Look through the material below and give the number of lines where the string "agent" occurs, with nothing added.

— The input —
··········

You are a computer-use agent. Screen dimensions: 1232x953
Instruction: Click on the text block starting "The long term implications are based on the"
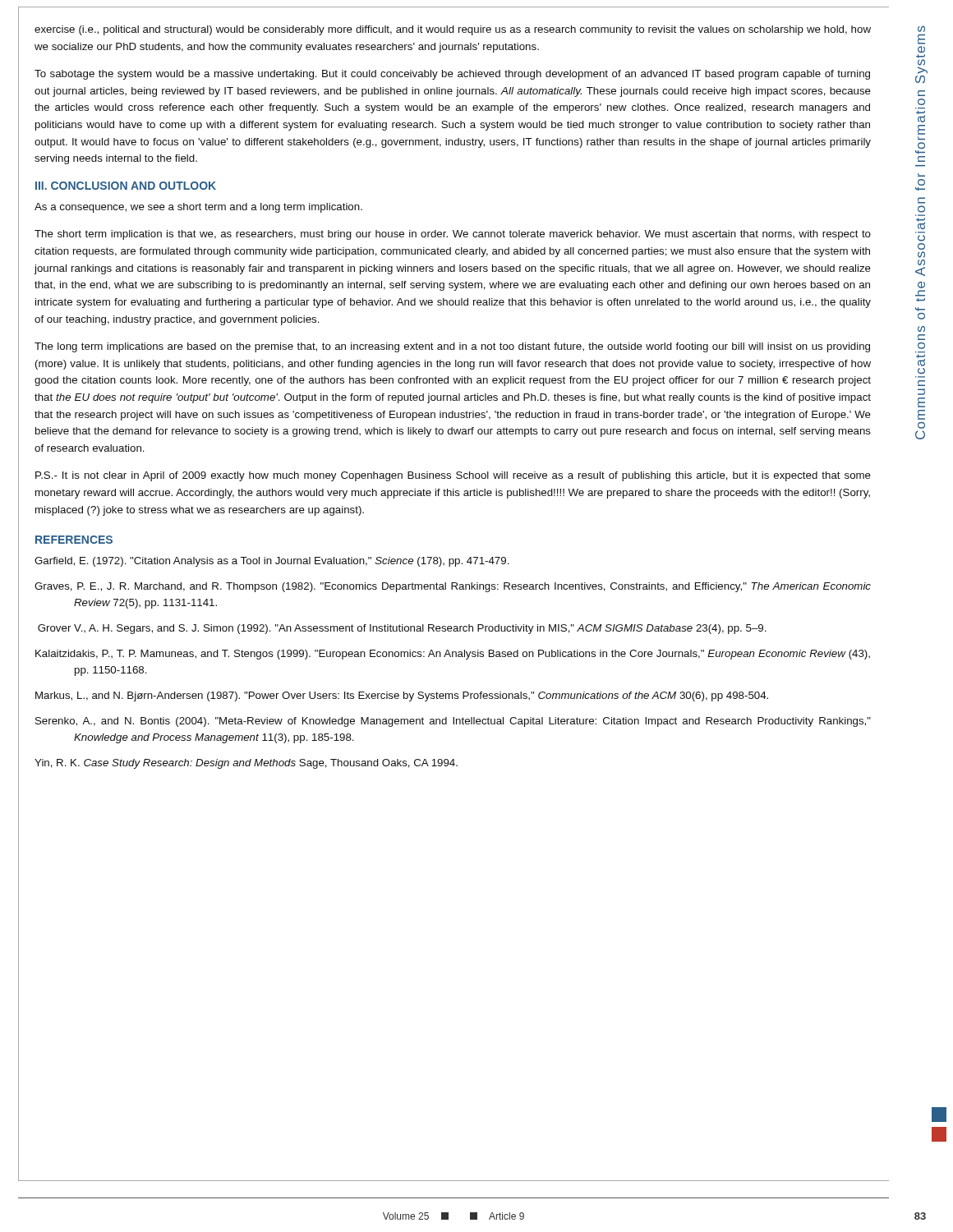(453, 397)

··········

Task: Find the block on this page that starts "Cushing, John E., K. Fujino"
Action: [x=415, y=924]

··········

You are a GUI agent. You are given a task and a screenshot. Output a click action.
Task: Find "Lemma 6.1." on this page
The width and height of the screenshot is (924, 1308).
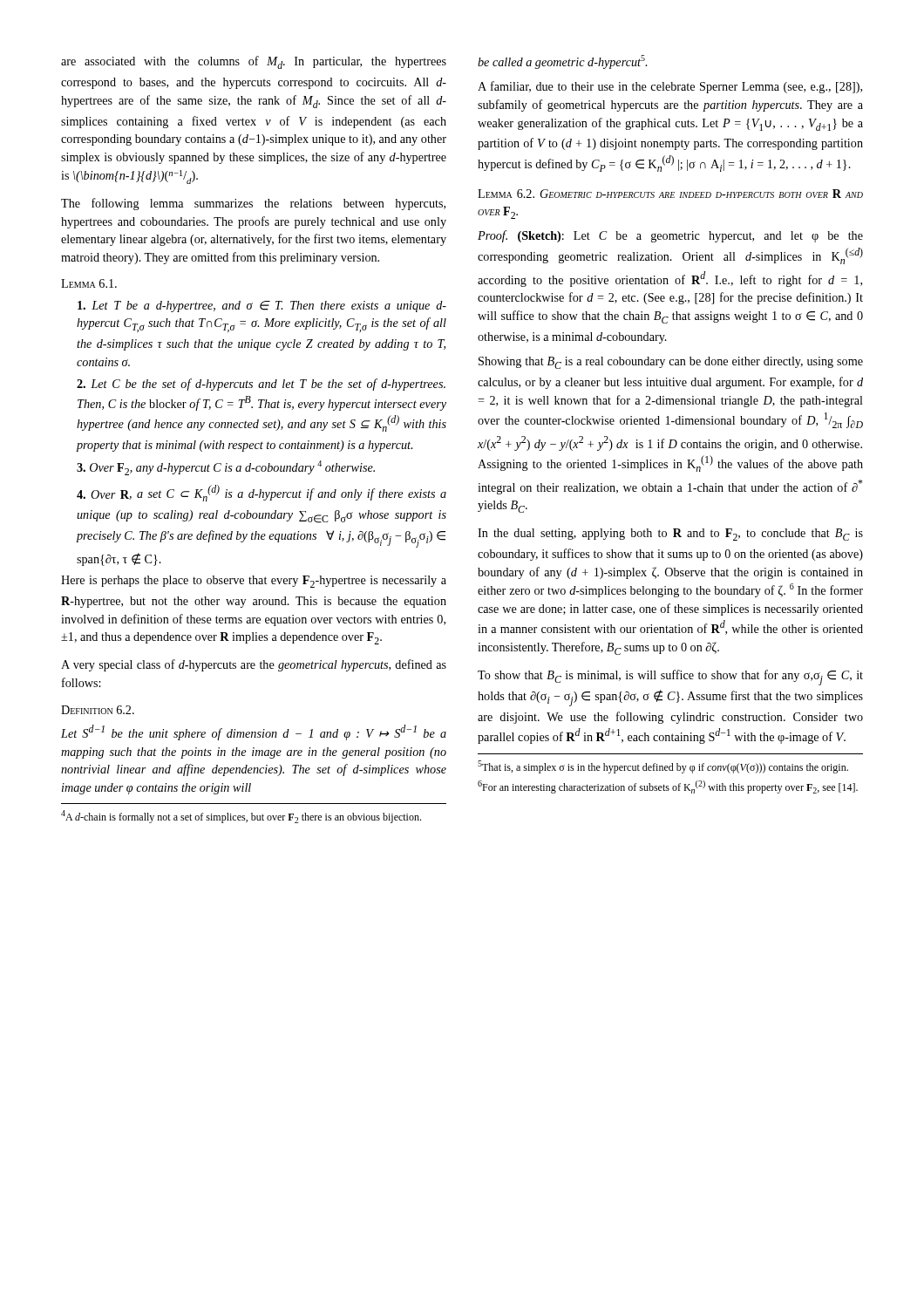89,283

··········

— Result —
2